■ **TASK OBJECTIVE**: Whatever appears in the records, retype it exactly, except for the pictures.
-------- STUDY MATERIAL --------
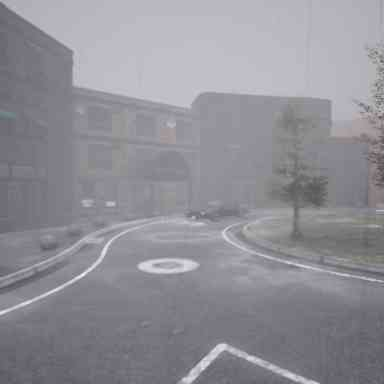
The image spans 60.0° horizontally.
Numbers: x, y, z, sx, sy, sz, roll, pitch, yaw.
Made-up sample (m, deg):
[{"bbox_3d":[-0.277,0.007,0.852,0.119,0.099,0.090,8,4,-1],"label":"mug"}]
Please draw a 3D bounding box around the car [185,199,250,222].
[{"bbox_3d":[1.952,1.205,23.637,2.033,1.411,5.357,0,2,44],"label":"car"}]
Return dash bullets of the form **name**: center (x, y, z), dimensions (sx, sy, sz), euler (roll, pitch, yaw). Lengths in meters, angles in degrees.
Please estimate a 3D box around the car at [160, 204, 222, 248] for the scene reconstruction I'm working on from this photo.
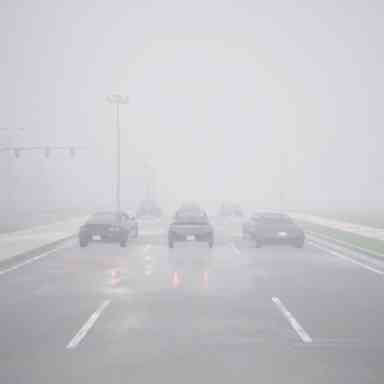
- **car**: center (-0.054, 1.493, 14.687), dimensions (2.128, 1.511, 4.902), euler (0, 0, 0)

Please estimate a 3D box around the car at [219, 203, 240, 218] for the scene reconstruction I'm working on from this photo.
- **car**: center (3.347, 1.615, 29.740), dimensions (1.895, 1.301, 4.718), euler (0, 0, 0)

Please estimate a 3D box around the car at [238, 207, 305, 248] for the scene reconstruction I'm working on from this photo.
- **car**: center (3.446, 1.571, 14.710), dimensions (1.994, 1.385, 4.181), euler (0, 0, 0)

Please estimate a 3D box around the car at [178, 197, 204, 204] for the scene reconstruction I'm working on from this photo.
- **car**: center (-0.152, 1.483, 29.687), dimensions (1.882, 1.535, 5.008), euler (0, 0, 0)

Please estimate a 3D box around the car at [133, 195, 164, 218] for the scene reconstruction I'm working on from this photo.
- **car**: center (-3.652, 1.364, 29.634), dimensions (2.097, 1.767, 4.553), euler (0, 0, 0)

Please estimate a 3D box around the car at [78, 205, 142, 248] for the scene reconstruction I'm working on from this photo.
- **car**: center (-3.554, 1.531, 14.665), dimensions (1.812, 1.442, 4.674), euler (0, 0, 0)
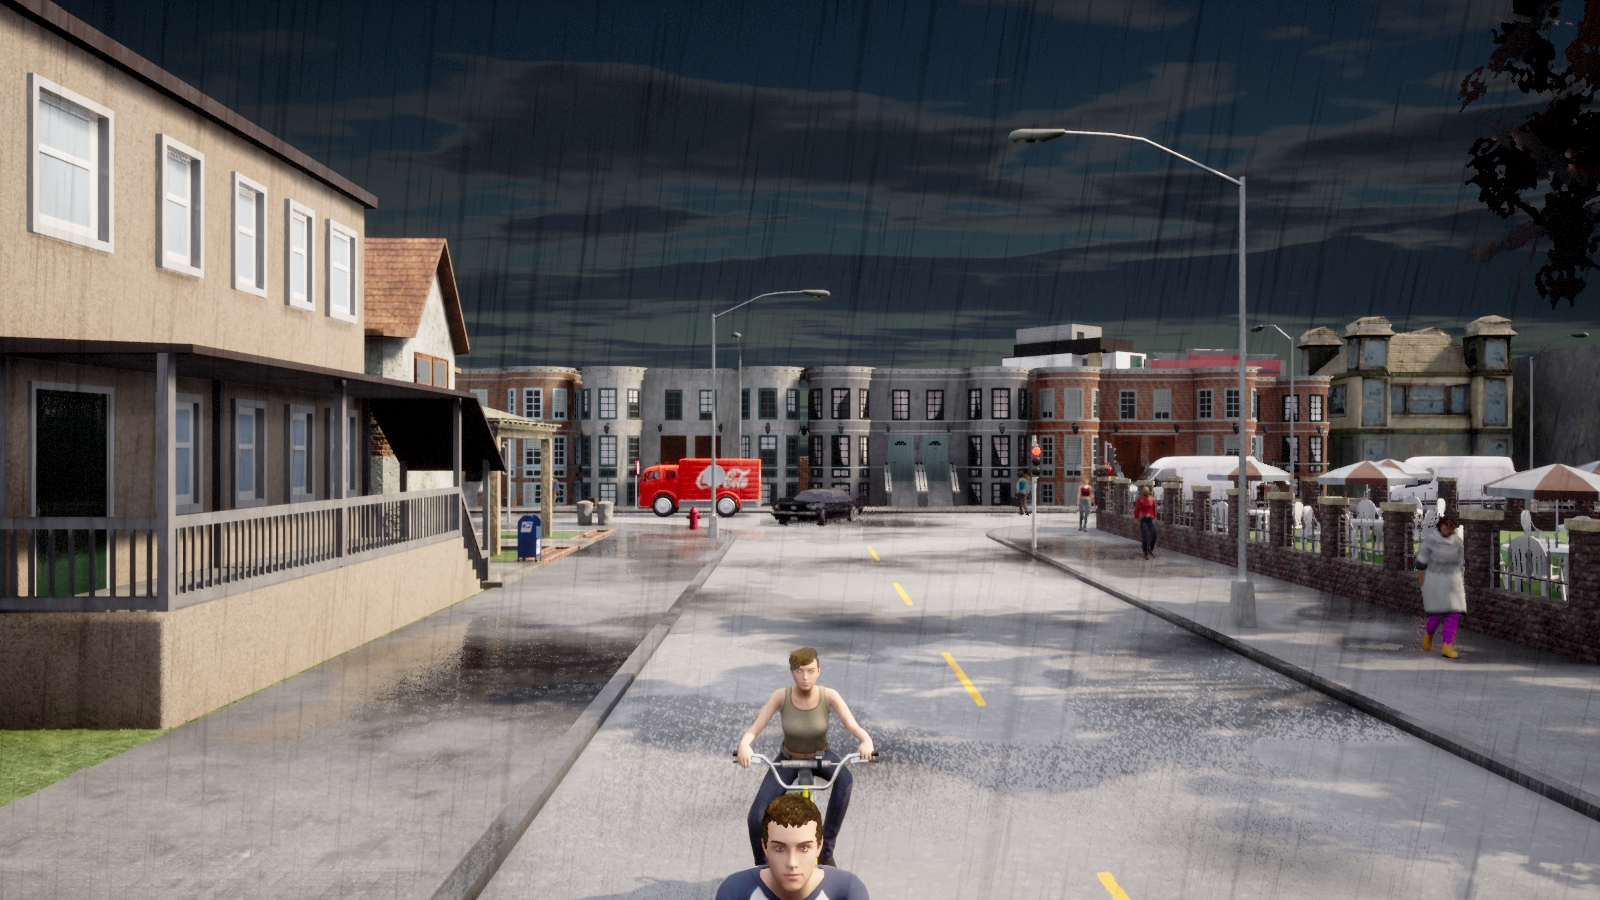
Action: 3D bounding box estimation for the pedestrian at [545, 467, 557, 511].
[{"bbox_3d":[-10.597,1.649,48.630,0.375,1.860,0.375,0,0,4],"label":"pedestrian"}]

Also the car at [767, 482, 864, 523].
[{"bbox_3d":[0.667,1.953,43.419,1.895,1.301,4.718,0,0,25],"label":"car"}]

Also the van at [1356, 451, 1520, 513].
[{"bbox_3d":[27.234,1.335,48.889,5.915,2.561,1.988,0,0,0],"label":"van"}]

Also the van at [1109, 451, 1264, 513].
[{"bbox_3d":[16.470,1.332,48.876,5.915,2.561,1.988,0,0,0],"label":"van"}]

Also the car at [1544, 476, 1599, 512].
[{"bbox_3d":[34.992,1.861,48.884,4.892,1.480,2.231,0,0,0],"label":"car"}]

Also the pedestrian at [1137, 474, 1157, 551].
[{"bbox_3d":[8.513,1.528,28.049,0.375,1.860,0.375,0,0,2],"label":"pedestrian"}]

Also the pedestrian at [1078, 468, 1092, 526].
[{"bbox_3d":[9.293,1.533,37.316,0.375,1.860,0.375,0,0,3],"label":"pedestrian"}]

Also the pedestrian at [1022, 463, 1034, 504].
[{"bbox_3d":[10.393,1.546,52.175,0.375,1.860,0.375,0,0,-33],"label":"pedestrian"}]

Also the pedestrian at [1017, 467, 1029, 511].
[{"bbox_3d":[9.440,1.648,48.435,0.375,1.860,0.375,0,0,-16],"label":"pedestrian"}]

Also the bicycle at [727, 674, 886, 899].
[{"bbox_3d":[0.033,2.040,6.906,0.859,1.080,1.487,0,0,0],"label":"bicycle"}]

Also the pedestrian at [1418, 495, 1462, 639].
[{"bbox_3d":[8.438,1.530,15.079,0.375,1.860,0.375,0,0,2],"label":"pedestrian"}]

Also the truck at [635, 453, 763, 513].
[{"bbox_3d":[-4.253,1.368,48.833,5.204,2.467,2.627,0,0,1],"label":"truck"}]

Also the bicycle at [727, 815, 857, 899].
[{"bbox_3d":[-0.022,1.938,3.212,0.373,1.296,1.643,0,0,0],"label":"bicycle"}]
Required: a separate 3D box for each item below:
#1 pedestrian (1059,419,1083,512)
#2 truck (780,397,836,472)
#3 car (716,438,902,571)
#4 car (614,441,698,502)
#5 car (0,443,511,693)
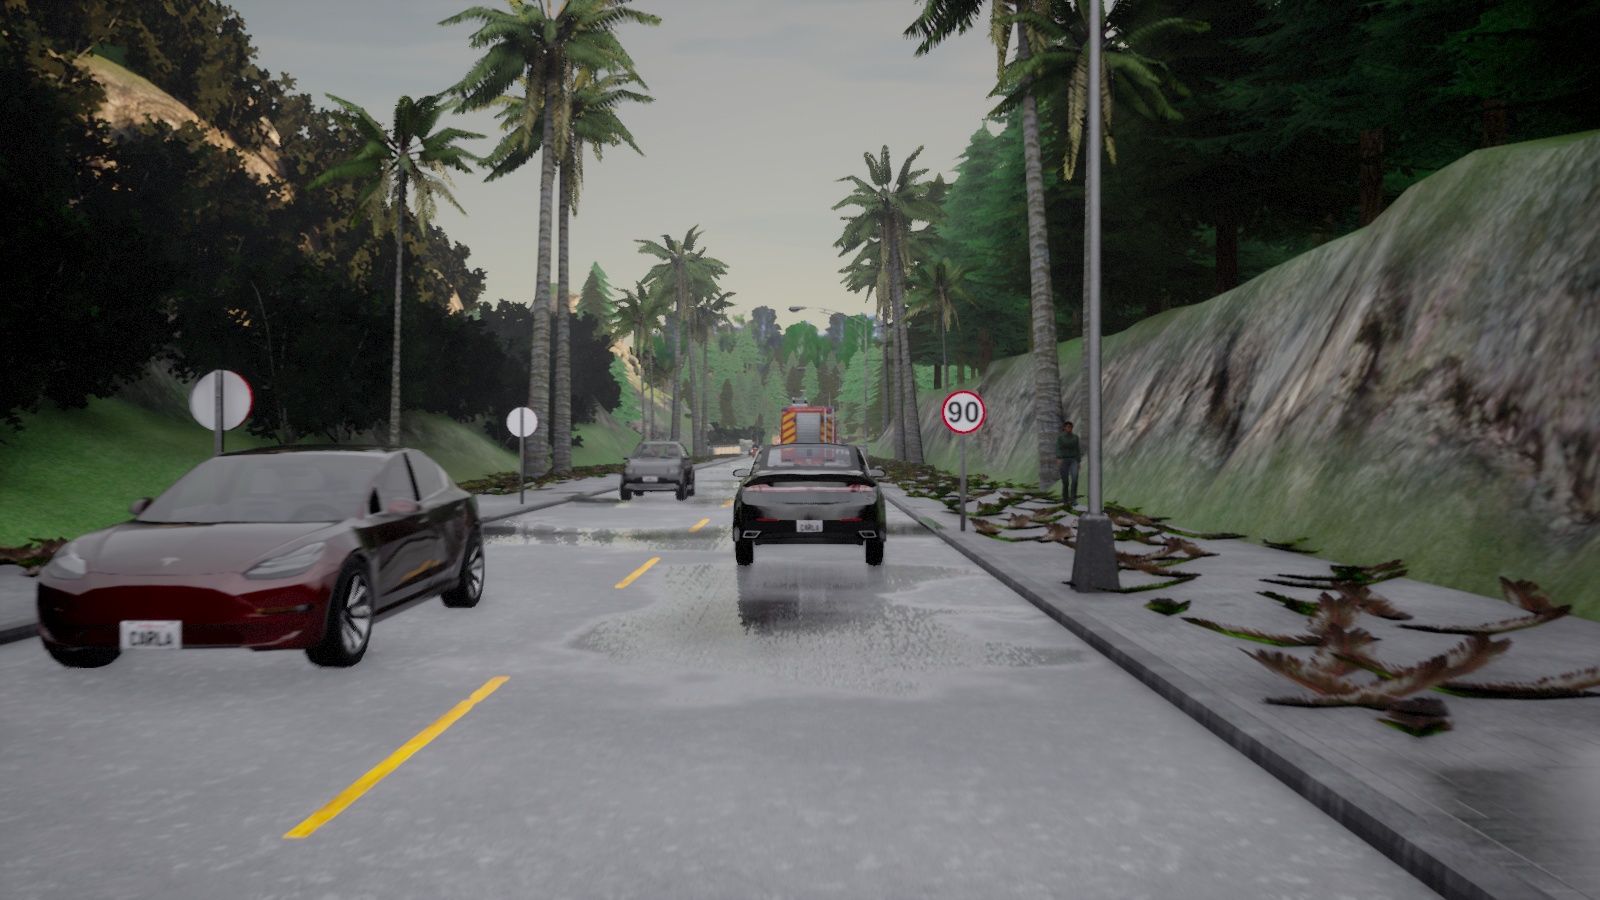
[{"bbox_3d":[5.479,0.309,25.417,0.353,1.847,0.614,0,0,0],"label":"pedestrian"},{"bbox_3d":[0.433,-0.804,68.458,2.891,3.827,8.468,0,0,0],"label":"truck"},{"bbox_3d":[0.120,0.608,16.788,2.128,1.511,4.902,0,0,0],"label":"car"},{"bbox_3d":[-3.778,0.532,33.443,1.789,1.549,3.705,0,0,0],"label":"car"},{"bbox_3d":[-3.920,0.688,9.865,2.163,1.488,4.792,0,0,0],"label":"car"}]
--------
■ **TASK SOLUTION**:
The image spans 60.0° horizontally.
Numbers: x, y, z, sx, sy, sz, roll, pitch, yaw.
Made-up sample (m, deg):
[{"bbox_3d":[-0.277,0.007,0.852,0.119,0.099,0.090,8,4,-1],"label":"mug"}]
Please draw a 3D bounding box around the car [185,199,250,222].
[{"bbox_3d":[1.952,1.205,23.637,2.033,1.411,5.357,0,2,44],"label":"car"}]
Return dash bullets of the form **name**: center (x, y, z), dimensions (sx, sy, sz), euler (roll, pitch, yaw). Lengths in meters, angles in degrees.
Please estimate a 3D box around the car at [160, 204, 222, 248] for the scene reconstruction I'm working on from this photo.
- **car**: center (-0.054, 1.493, 14.687), dimensions (2.128, 1.511, 4.902), euler (0, 0, 0)

Please estimate a 3D box around the car at [219, 203, 240, 218] for the scene reconstruction I'm working on from this photo.
- **car**: center (3.347, 1.615, 29.740), dimensions (1.895, 1.301, 4.718), euler (0, 0, 0)

Please estimate a 3D box around the car at [238, 207, 305, 248] for the scene reconstruction I'm working on from this photo.
- **car**: center (3.446, 1.571, 14.710), dimensions (1.994, 1.385, 4.181), euler (0, 0, 0)

Please estimate a 3D box around the car at [178, 197, 204, 204] for the scene reconstruction I'm working on from this photo.
- **car**: center (-0.152, 1.483, 29.687), dimensions (1.882, 1.535, 5.008), euler (0, 0, 0)

Please estimate a 3D box around the car at [133, 195, 164, 218] for the scene reconstruction I'm working on from this photo.
- **car**: center (-3.652, 1.364, 29.634), dimensions (2.097, 1.767, 4.553), euler (0, 0, 0)

Please estimate a 3D box around the car at [78, 205, 142, 248] for the scene reconstruction I'm working on from this photo.
- **car**: center (-3.554, 1.531, 14.665), dimensions (1.812, 1.442, 4.674), euler (0, 0, 0)
Action: 3D bounding box estimation for the pedestrian at [545, 467, 557, 511].
[{"bbox_3d":[-10.597,1.649,48.630,0.375,1.860,0.375,0,0,4],"label":"pedestrian"}]

Also the car at [767, 482, 864, 523].
[{"bbox_3d":[0.667,1.953,43.419,1.895,1.301,4.718,0,0,25],"label":"car"}]

Also the van at [1356, 451, 1520, 513].
[{"bbox_3d":[27.234,1.335,48.889,5.915,2.561,1.988,0,0,0],"label":"van"}]

Also the van at [1109, 451, 1264, 513].
[{"bbox_3d":[16.470,1.332,48.876,5.915,2.561,1.988,0,0,0],"label":"van"}]

Also the car at [1544, 476, 1599, 512].
[{"bbox_3d":[34.992,1.861,48.884,4.892,1.480,2.231,0,0,0],"label":"car"}]

Also the pedestrian at [1137, 474, 1157, 551].
[{"bbox_3d":[8.513,1.528,28.049,0.375,1.860,0.375,0,0,2],"label":"pedestrian"}]

Also the pedestrian at [1078, 468, 1092, 526].
[{"bbox_3d":[9.293,1.533,37.316,0.375,1.860,0.375,0,0,3],"label":"pedestrian"}]

Also the pedestrian at [1022, 463, 1034, 504].
[{"bbox_3d":[10.393,1.546,52.175,0.375,1.860,0.375,0,0,-33],"label":"pedestrian"}]

Also the pedestrian at [1017, 467, 1029, 511].
[{"bbox_3d":[9.440,1.648,48.435,0.375,1.860,0.375,0,0,-16],"label":"pedestrian"}]

Also the bicycle at [727, 674, 886, 899].
[{"bbox_3d":[0.033,2.040,6.906,0.859,1.080,1.487,0,0,0],"label":"bicycle"}]

Also the pedestrian at [1418, 495, 1462, 639].
[{"bbox_3d":[8.438,1.530,15.079,0.375,1.860,0.375,0,0,2],"label":"pedestrian"}]

Also the truck at [635, 453, 763, 513].
[{"bbox_3d":[-4.253,1.368,48.833,5.204,2.467,2.627,0,0,1],"label":"truck"}]

Also the bicycle at [727, 815, 857, 899].
[{"bbox_3d":[-0.022,1.938,3.212,0.373,1.296,1.643,0,0,0],"label":"bicycle"}]
Required: a separate 3D box for each item below:
#1 pedestrian (1059,419,1083,512)
#2 truck (780,397,836,472)
#3 car (716,438,902,571)
#4 car (614,441,698,502)
#5 car (0,443,511,693)
[{"bbox_3d":[5.479,0.309,25.417,0.353,1.847,0.614,0,0,0],"label":"pedestrian"},{"bbox_3d":[0.433,-0.804,68.458,2.891,3.827,8.468,0,0,0],"label":"truck"},{"bbox_3d":[0.120,0.608,16.788,2.128,1.511,4.902,0,0,0],"label":"car"},{"bbox_3d":[-3.778,0.532,33.443,1.789,1.549,3.705,0,0,0],"label":"car"},{"bbox_3d":[-3.920,0.688,9.865,2.163,1.488,4.792,0,0,0],"label":"car"}]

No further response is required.